Beneath the surface idiocy of our national politics, one can discern policymakers and thought leaders from both sides of the political aisle finding common ground in a range of manufacturing interests and issues.

Reshoring the U.S. industry has long been a pillar of progressive thinking—but also figured in the 2016 election. Pushing back against China’s near-complete control of critical industries and supply chains has now become a Republican priority. House of Representatives Minority Leader Kevin McCarthy (R-Calif.) has recently formed a “China Task Force” focused on regaining industrial control, while Sen. Mitt Romney (R-Utah) has written inspiringly about the need to confront China’s industrial predation.  

In sum, a consensus has emerged about government leadership in reviving the U.S. industrial base. Effective action bringing critical supply chains back home need not break the bank. The United States and North American mining sector offers a doable agenda—amenable both to the Republicans’ China Task Force and to the renewable energy ambitions of Democratic progressives.    

For over fifteen years, China has made mining and mineral processing a strategic priority; meanwhile, a broken U.S. mining regime has crippled a once-dominant industry. The figures say it all: U.S. mineral import reliance has more than doubled over the past twenty-five years. China now controls the supply of twenty-three of thirty-five minerals deemed “critical” by the U.S. departments of defense and interior.  

These minerals—cobalt, graphite, lithium and various rare earths—comprise the building blocks of renewable energy technology. Recent World Bank analysis shows how demand for minerals essential to wind and solar power (as well as for lithium-ion batteries and electric vehicles) will increase by at least 500 percent by midcentury. Our national decarbonization effort, as well as more global ambitions, depend on a global production ramp-up of key minerals over which China has asserted monopoly control.  

Reinvigorating U.S. mining doesn’t mean abandoning hard-won environmental protection. But it must mean fixing a broken and duplicative regulatory regime.   

The permitting process for opening a new mine can gobble up a decade or more; by comparison, Australia and Canada issue permits in a fraction of the time while preserving environmental safeguards. Some promising projects, such as the Resolution Copper project in Arizona or the Twin Metals project in Minnesota, have collided with a system intended to thwart projects altogether.

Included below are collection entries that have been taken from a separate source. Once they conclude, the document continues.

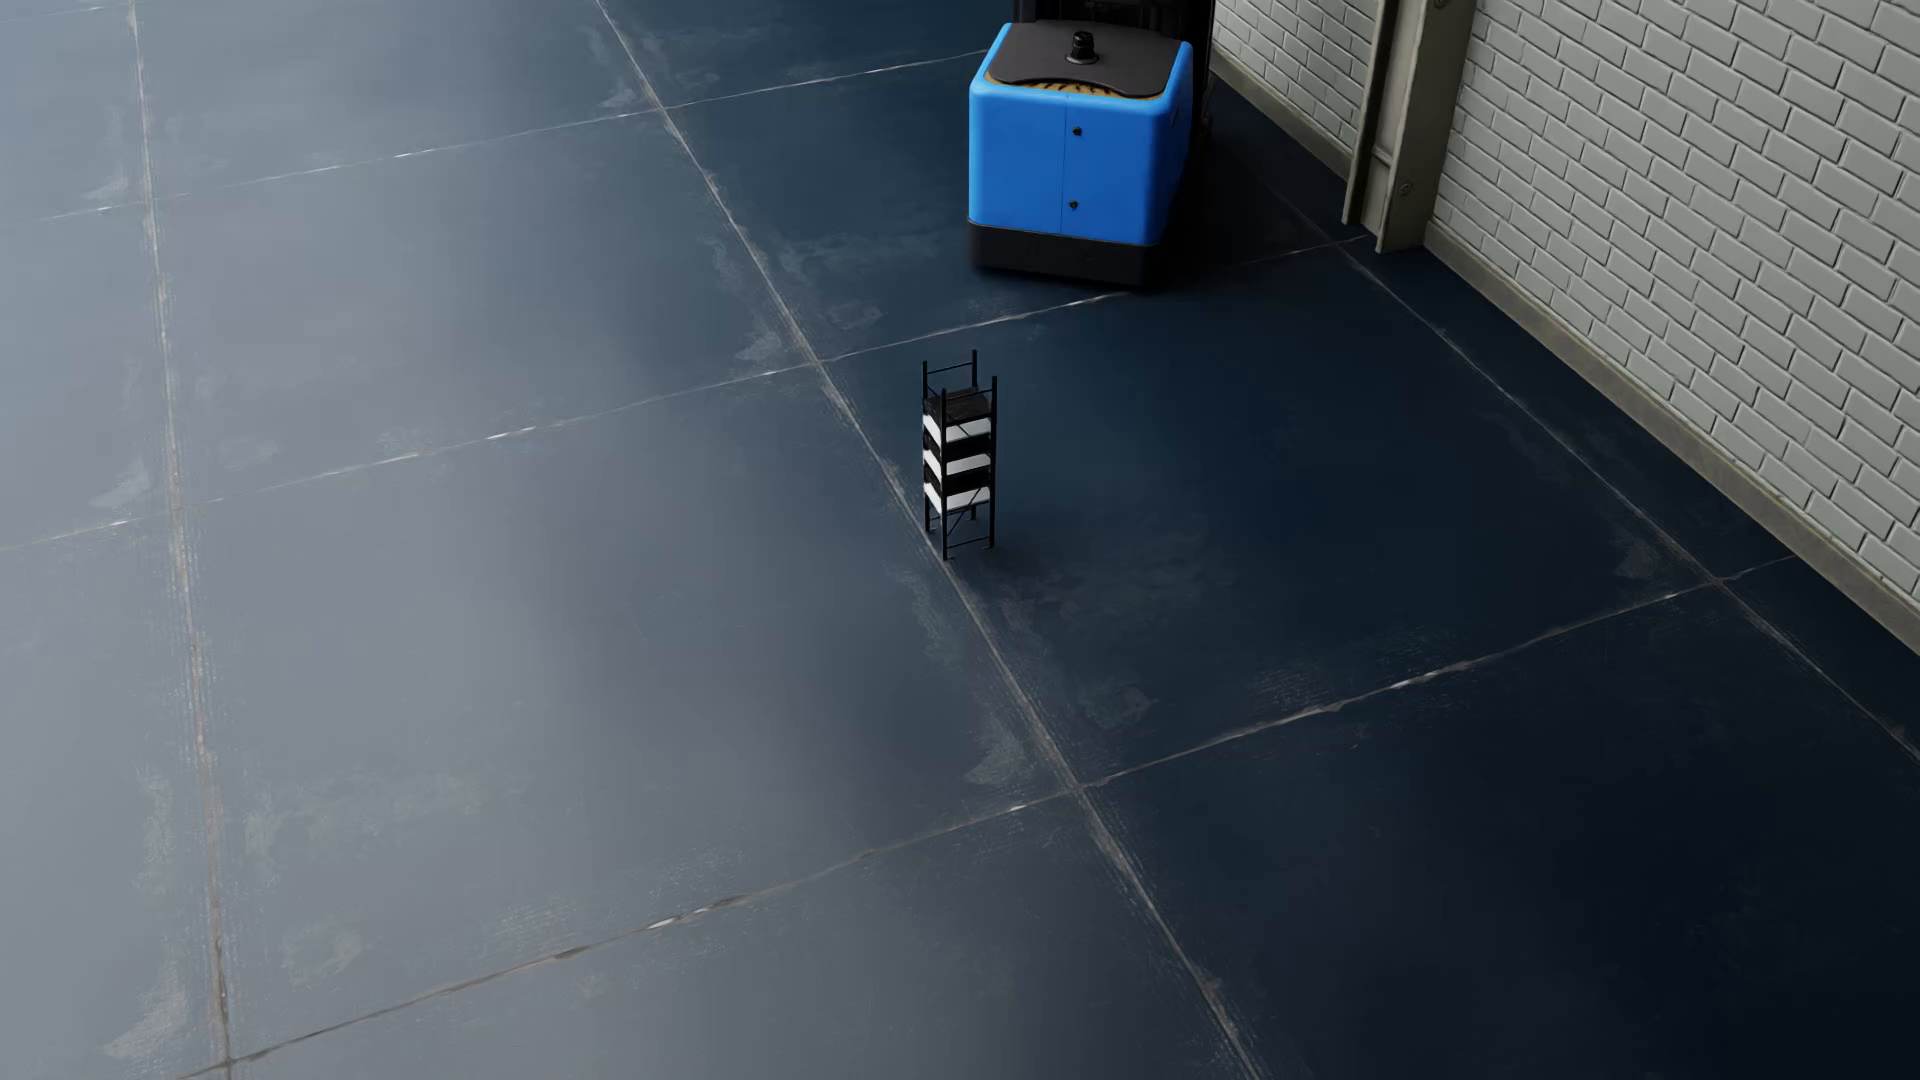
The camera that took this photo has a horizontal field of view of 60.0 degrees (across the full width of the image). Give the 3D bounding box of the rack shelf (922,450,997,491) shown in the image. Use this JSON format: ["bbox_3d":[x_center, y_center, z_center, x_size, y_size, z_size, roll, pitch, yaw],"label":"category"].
[{"bbox_3d":[-0.003,-0.321,6.984,0.258,0.077,0.200,-15,43,-17],"label":"rack shelf"}]

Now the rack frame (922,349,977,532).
[{"bbox_3d":[-0.042,-0.407,7.034,0.240,0.900,0.006,-15,43,-17],"label":"rack frame"}]

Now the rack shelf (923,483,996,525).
[{"bbox_3d":[-0.003,-0.184,7.101,0.258,0.077,0.200,-15,43,-17],"label":"rack shelf"}]

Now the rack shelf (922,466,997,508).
[{"bbox_3d":[-0.003,-0.253,7.043,0.258,0.077,0.200,-15,43,-17],"label":"rack shelf"}]

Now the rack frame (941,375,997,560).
[{"bbox_3d":[0.036,-0.285,6.891,0.240,0.900,0.006,-15,43,-17],"label":"rack frame"}]

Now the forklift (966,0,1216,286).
[{"bbox_3d":[0.890,-3.406,8.963,1.130,2.935,3.031,9,42,11],"label":"forklift"}]

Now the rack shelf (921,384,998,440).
[{"bbox_3d":[-0.003,-0.526,6.808,0.258,0.077,0.200,-15,43,-17],"label":"rack shelf"}]

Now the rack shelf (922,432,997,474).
[{"bbox_3d":[-0.003,-0.389,6.925,0.258,0.077,0.200,-15,43,-17],"label":"rack shelf"}]

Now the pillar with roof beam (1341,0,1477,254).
[{"bbox_3d":[-1.622,-4.051,5.060,9.100,9.000,0.400,-15,43,-17],"label":"pillar with roof beam"}]

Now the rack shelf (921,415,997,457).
[{"bbox_3d":[-0.003,-0.457,6.867,0.258,0.077,0.200,-15,43,-17],"label":"rack shelf"}]

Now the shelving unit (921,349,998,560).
[{"bbox_3d":[-0.003,-0.346,6.962,0.258,0.900,0.210,-15,43,-17],"label":"shelving unit"}]
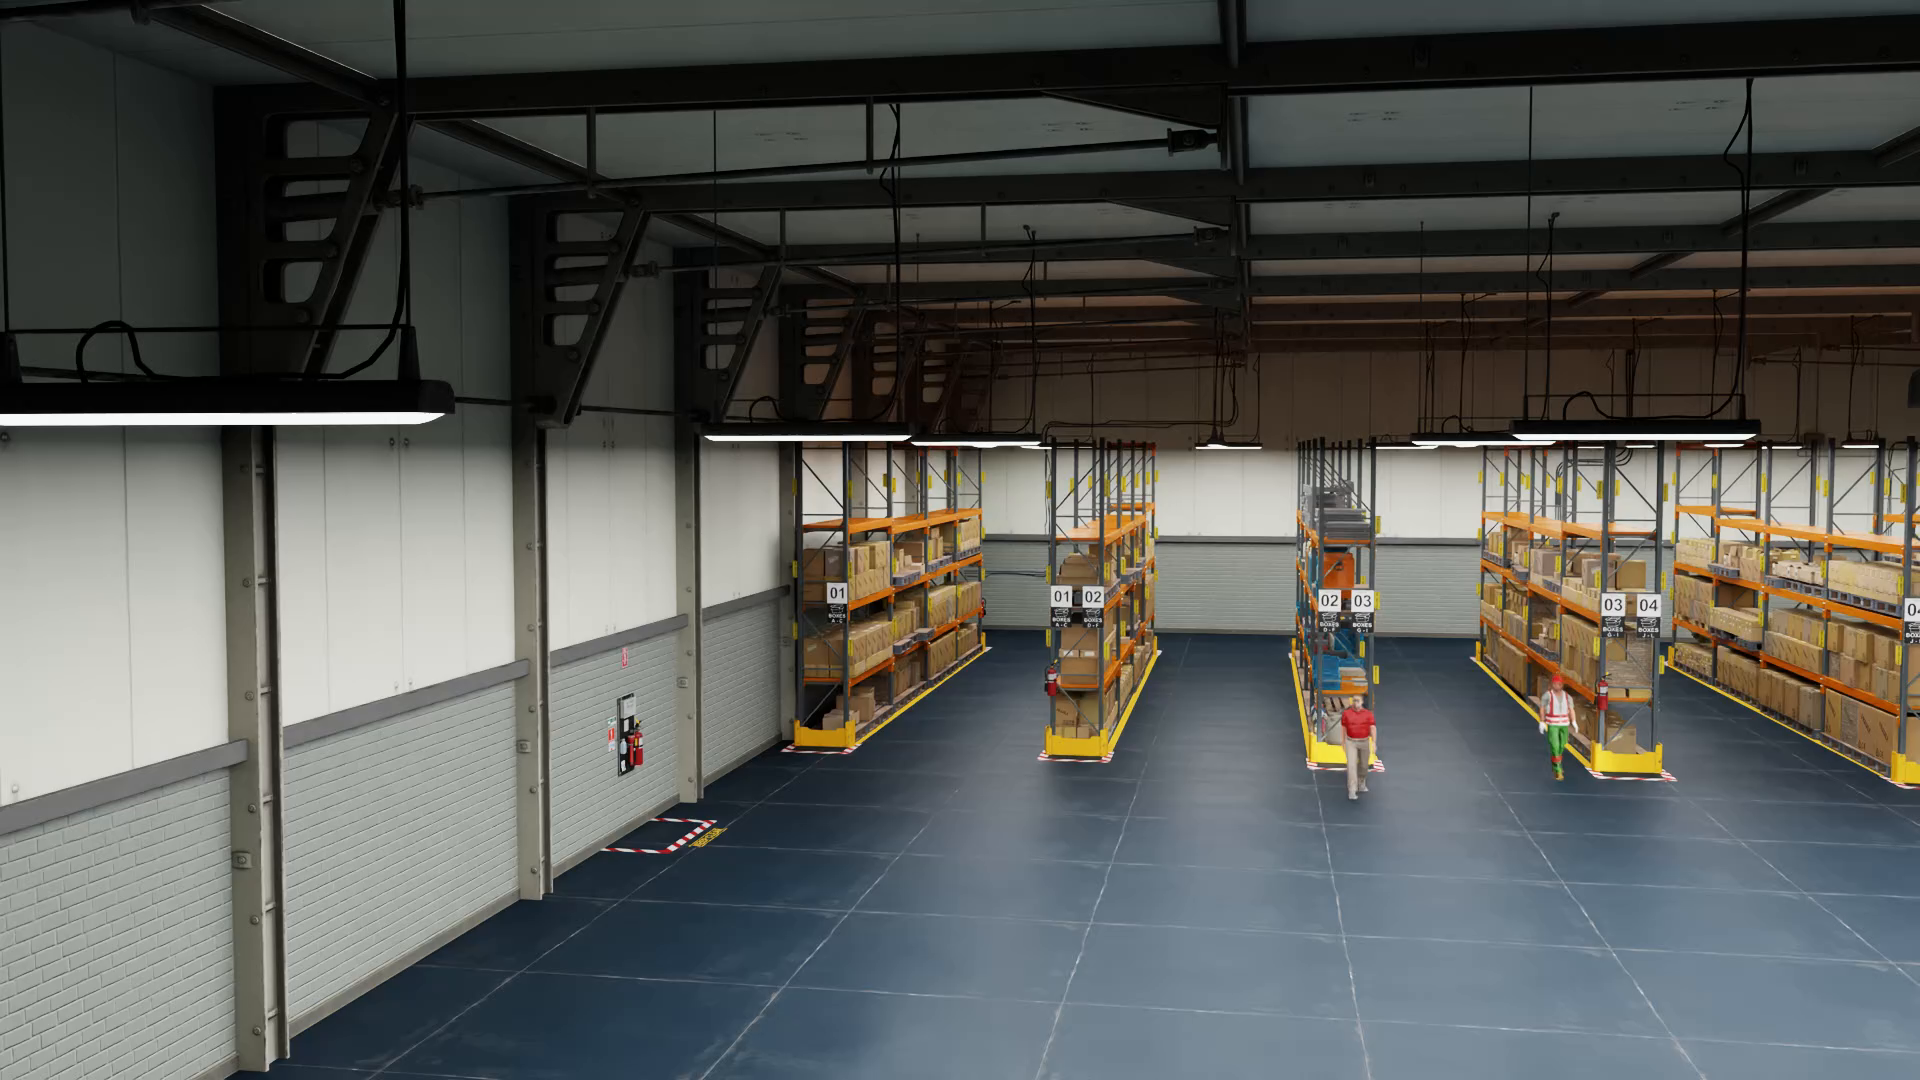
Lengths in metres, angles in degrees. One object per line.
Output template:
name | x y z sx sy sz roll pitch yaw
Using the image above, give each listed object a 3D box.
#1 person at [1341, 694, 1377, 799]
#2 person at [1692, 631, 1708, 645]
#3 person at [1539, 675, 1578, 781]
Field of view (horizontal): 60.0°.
person | 6.613 3.399 27.579 0.557 1.679 0.983 0 3 9
person | 21.134 2.317 47.338 0.804 1.755 0.606 -2 4 -34
person | 10.552 3.302 29.298 0.568 1.830 0.727 0 3 -3
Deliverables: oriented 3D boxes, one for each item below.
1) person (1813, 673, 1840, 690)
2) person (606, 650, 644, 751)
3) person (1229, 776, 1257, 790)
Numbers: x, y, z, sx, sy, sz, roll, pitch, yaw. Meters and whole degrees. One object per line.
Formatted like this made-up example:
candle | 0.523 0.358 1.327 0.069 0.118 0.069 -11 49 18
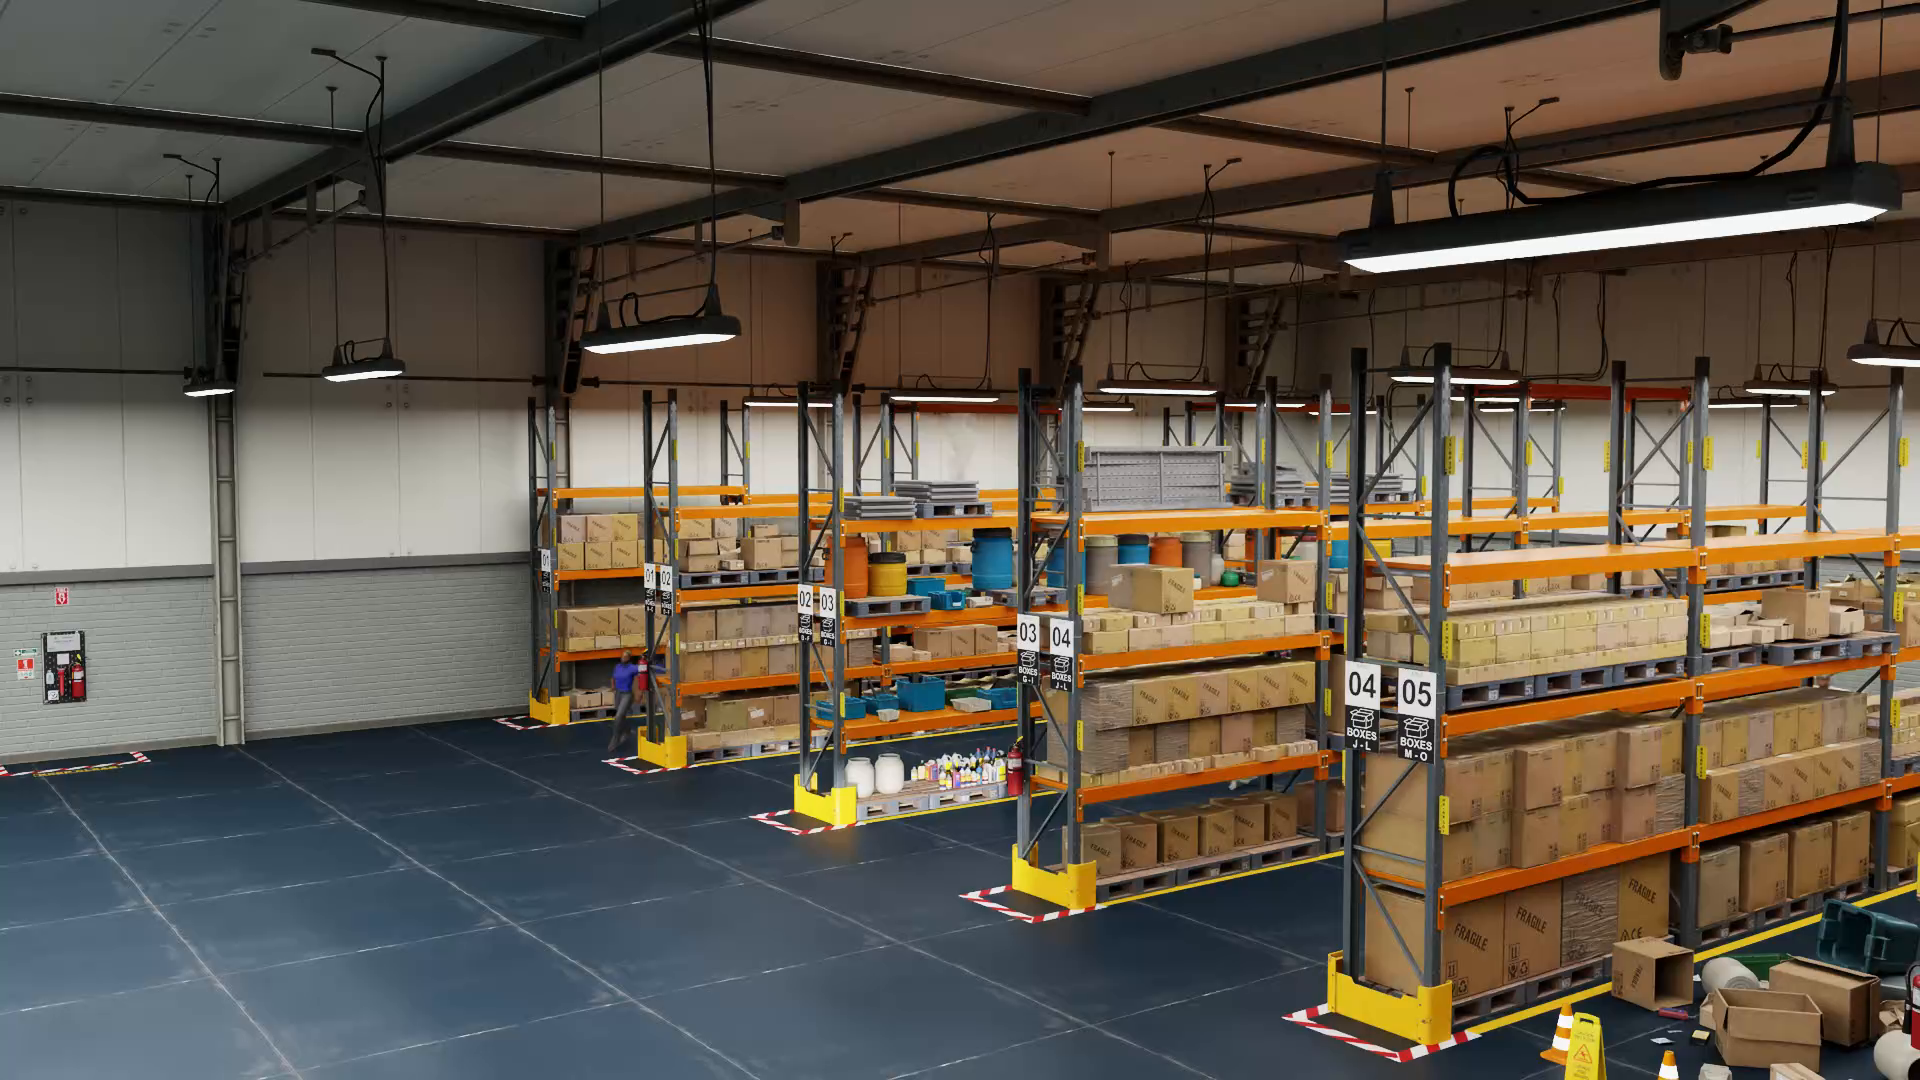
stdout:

Legislation in both the House and Senate exists to tackle the mine permitting problem but mining has largely split support down partisan lines. Today’s pandemic pandemonium can get us past that. On the one hand, clean energy advocates realize that their favored technologies must have accessible mineral supply chains; on the other hand, the deepening strategic struggle with an authoritarian China points to how America has loosened Beijing’s grip on vital industries and strategic supply. Surely, a U.S. consensus lies in sight.

This means a return to a well-considered industrial policy putting strategic industry, resilient supply chains and American jobs before a blind commitment to price-driven “efficiencies." In the new era unexpectedly ushered in by 2020, whether it’s minerals supply, computer chips or telecommunications hardware, the chance to rebuild critical domestic industry has arrived.  

A former U.S. deputy assistant secretary of defense for Asia, James Clad is a senior adviser to Arcanum a global intelligence company servicing sovereign governments and multinational corporations.